Add more medium-size nodes to the analytics cluster if the number of VMs exceeds 10,000.	Ensures that the analytics cluster has enough capacity to meet the VM object and metric growth.	The capacity of the physical ESXi hosts must be sufficient to accommodate VMs that require 32 GB RAM without bridging NUMA node boundaries. The number of nodes must not exceed the number of ESXi hosts in the management cluster minus 1. For example, if the management cluster contains six ESXi hosts, you can deploy up to five vRealize Operations nodes in the analytics cluster.
Deploy the standard-size remote collector or Cloud-Proxy virtual appliances.	Enables metric collection for the expected number of objects.	You must provide 4 vCPUs and 8 GB memory in the management cluster or targeted endpoint.
Add a virtual disk of 1 TB for each analytics cluster node.	Provides enough storage for the expected number of objects.	You must add the 1 TB disk manually while the VM for the analytics node is powered OFF.
Configure vRealize Operations for SMTP outbound alerts.	Enables administrators and operators to receive email alerts from vRealize Operations.	vRealize Operations must have access to an external SMTP server.

For more information about the vRealize Operations and vRealize Log Insight design at Regional Data Center, see the Telco Cloud Platform 5G Edition Reference Architecture guide.

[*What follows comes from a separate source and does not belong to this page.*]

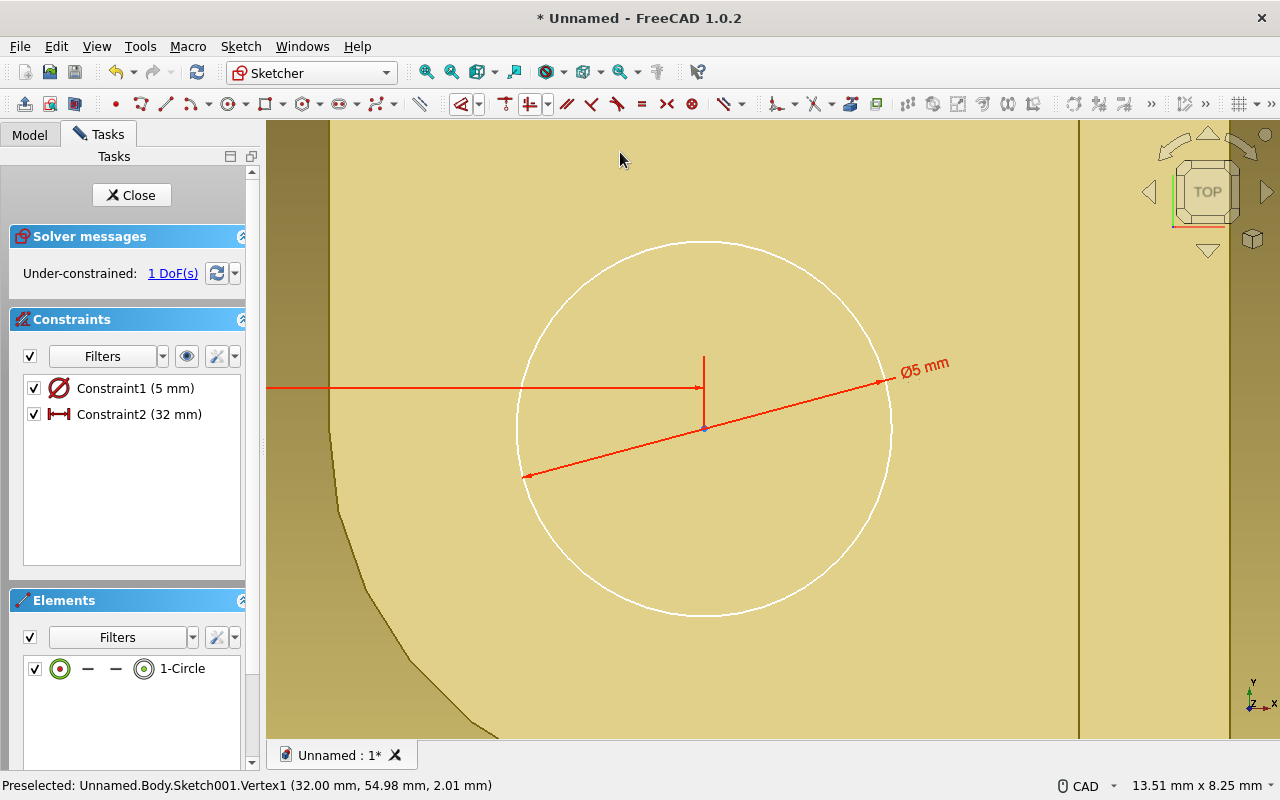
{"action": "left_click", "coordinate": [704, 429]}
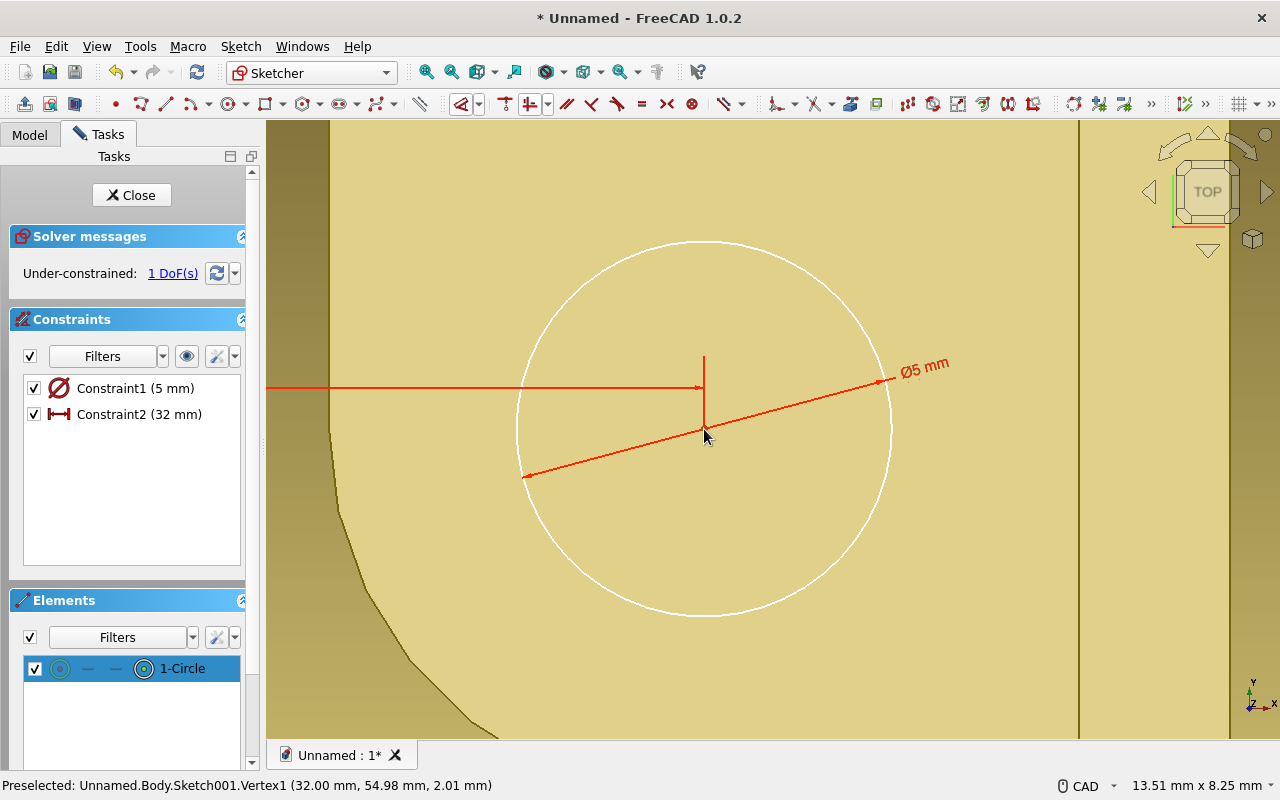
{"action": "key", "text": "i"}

vRealize Network Insight Design

vRealize Network Insight communicates with the vCenter Server and the NSX Manager instances to collect metrics that are presented through various dashboards and views.

vRealize Network Insight is deployed as a cluster called the vRealize Network Insight Platform Cluster. This cluster processes the collected data and presents it using a dashboard. vRealize Network Insight also uses a Proxy node to collect data from the data sources, such as vCenter Server and NSX Manager, and send the data to the Platform Cluster for processing.

Logical vRealize Netowkr Insight Design — Figure 4. Logical vRealize Network Insight Design


Design Decision	Design Justification	Design Implication
Deploy a three-node vRealize Network Insight Platform cluster.	Meets the availability and scalability requirements of up to 10,000 VMs and 2 million flows per day.	The Management cluster must be properly sized as each vRealize Network Insight VM requires a 100% CPU reservation.
Deploy vRealize Network Insight Platform nodes of large size.	Large size is the minimum size supported to form a cluster.	None
Deploy at least a single large-sized vRealize Network Insight Proxy node.	A single Proxy node meets the requirements of a new deployment. As the solution grows, additional Proxy nodes might be required.	vRealize Network Insight Proxy nodes are not high-available but are protected by vSphere HA.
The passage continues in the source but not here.